Adnan memaparkan temuan dari sejumlah desa yang dikunjungi. Di Desa Air Putih, masalah utama adalah ketiadaan gedung permanen untuk Pendidikan Anak Usia Dini (PAUD) atau TK. Selama tiga hingga empat tahun terakhir, kegiatan belajar mengajar masih menumpang di gedung pertemuan. Kendala lahan disebutkan telah mulai diatasi dengan proses pengurusan surat hibah yang diharapkan tuntas pada 2026.
Desa Munjan, Dusun Pemotus, menghadapi masalah kepadatan hunian yang memprihatinkan, dimana rumah berukuran 5×6 meter dihuni hingga tiga Kepala Keluarga (KK). Selain itu, sejumlah lansia di daerah tersebut dilaporkan belum menerima bantuan sosial seperti Program Keluarga Harapan (PKH) padahal sangat membutuhkan.
Di Desa Kiabu, fasilitas pendidikan seperti ruang perpustakaan memerlukan renovasi. Masalah akses internet di sekolah-sekolah juga menjadi kendala, karena jaringan yang tersedia sangat terbatas dan minim.
Sementara itu, masyarakat Desa Nyamuk, Kecamatan Siantan Timur, mendesak pembangunan Ruas Jalan Lingkar Bajau untuk menunjang perekonomian. Kendala utama adalah pembebasan satu bidang lahan yang belum disetujui pemiliknya, meski lahan lain telah sepakat. Aspirasi masyarakat adalah agar proyek ini dapat masuk dalam pembiayaan APBN mengingat keterbatasan anggaran daerah.

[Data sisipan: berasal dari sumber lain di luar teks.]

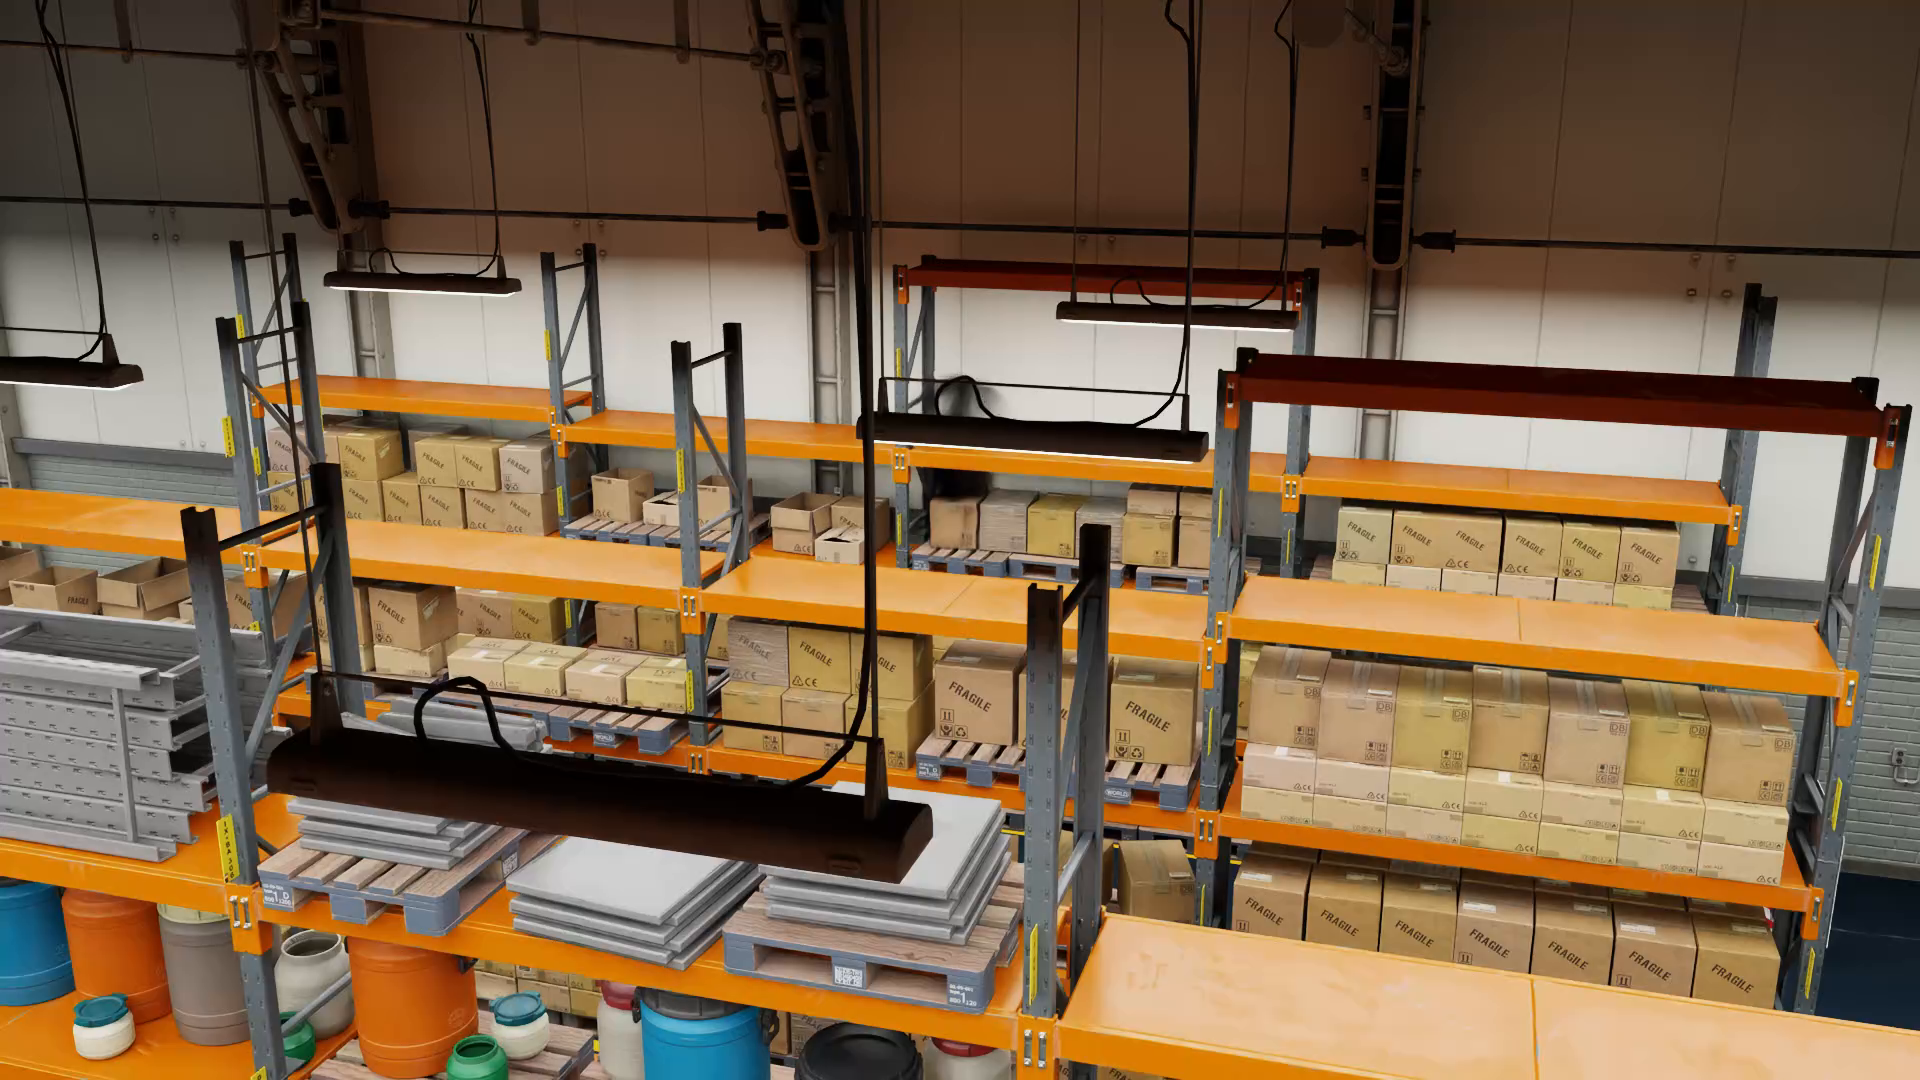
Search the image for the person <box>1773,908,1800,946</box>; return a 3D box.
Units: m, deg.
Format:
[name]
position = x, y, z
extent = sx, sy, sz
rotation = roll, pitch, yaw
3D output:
[person]
position = 7.587, 3.129, 14.958
extent = 0.485, 1.585, 0.585
rotation = -10, 19, -30

Desa Serat menghadapi problematikanya sendiri, yaitu jalan desa selebar 1,5 meter yang baru terbangun 50%. Jalan ini vital sebagai akses alternatif mengantar anak sekolah saat cuaca buruk yang menghalangi transportasi laut. Pembangunan terhambat akibat keterbatasan Dana Desa.

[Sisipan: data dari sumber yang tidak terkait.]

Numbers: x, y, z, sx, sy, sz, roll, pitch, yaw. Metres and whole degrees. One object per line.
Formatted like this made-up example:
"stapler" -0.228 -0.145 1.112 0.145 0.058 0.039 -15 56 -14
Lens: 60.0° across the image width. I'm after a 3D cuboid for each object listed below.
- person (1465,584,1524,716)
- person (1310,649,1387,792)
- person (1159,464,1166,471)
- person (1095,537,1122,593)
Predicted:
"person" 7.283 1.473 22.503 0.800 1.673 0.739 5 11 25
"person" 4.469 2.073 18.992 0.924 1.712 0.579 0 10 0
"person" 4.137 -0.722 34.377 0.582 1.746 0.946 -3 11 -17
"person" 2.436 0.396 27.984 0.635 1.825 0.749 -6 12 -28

Persoalan lain muncul dari Desa Batu Belah yang membutuhkan tenaga kesehatan, khususnya bidan atau perawat, karena saat ini belum ada yang bertugas di sana.
Menanggapi berbagai temuan ini, Adnan menegaskan bahwa Komisi III telah dan akan mendorong Organisasi Perangkat Daerah (OPD) terkait untuk menindaklanjuti. “Kami mendorong ke dinas-dinas terkait, misal Dinkes untuk perawat, PU untuk jalan, Dinas Pendidikan untuk sekolah, Dinsos untuk bedah rumah dan bantuan lansia,” jelas Adnan.
Ia mengakui bahwa keterbatasan anggaran daerah mungkin tidak dapat mengakomodir semua aspirasi sekaligus. Namun, ia menekankan pentingnya adanya progres yang berkelanjutan.
“Paling tidak ada progres setiap tahun, sehingga pembangunan bisa bertahap dan selesai dalam jangka menengah lima tahun, untuk hal-hal yang benar-benur urgent,” ujarnya.
Adnan juga menyampaikan harapannya agar pemerintah daerah lebih tanggap dan cepat dalam menanggapi keluhan masyarakat. Ia menekankan pentingnya sinergi antara DPRD dan Pemda, serta perlunya OPD turun langsung ke lapangan untuk mendapatkan informasi yang lebih rill sebelum merancang program.
“Pesan kita ke masyarakat, harus bersabar dengan keadaan keuangan seperti ini. Mungkin belum bisa terakomodir semua, tapi kita minta ada progres,” pungkas Adnan, seraya berharap aspirasi yang telah disampaikan melalui reses ini dapat segera ditindaklanjuti. (KP).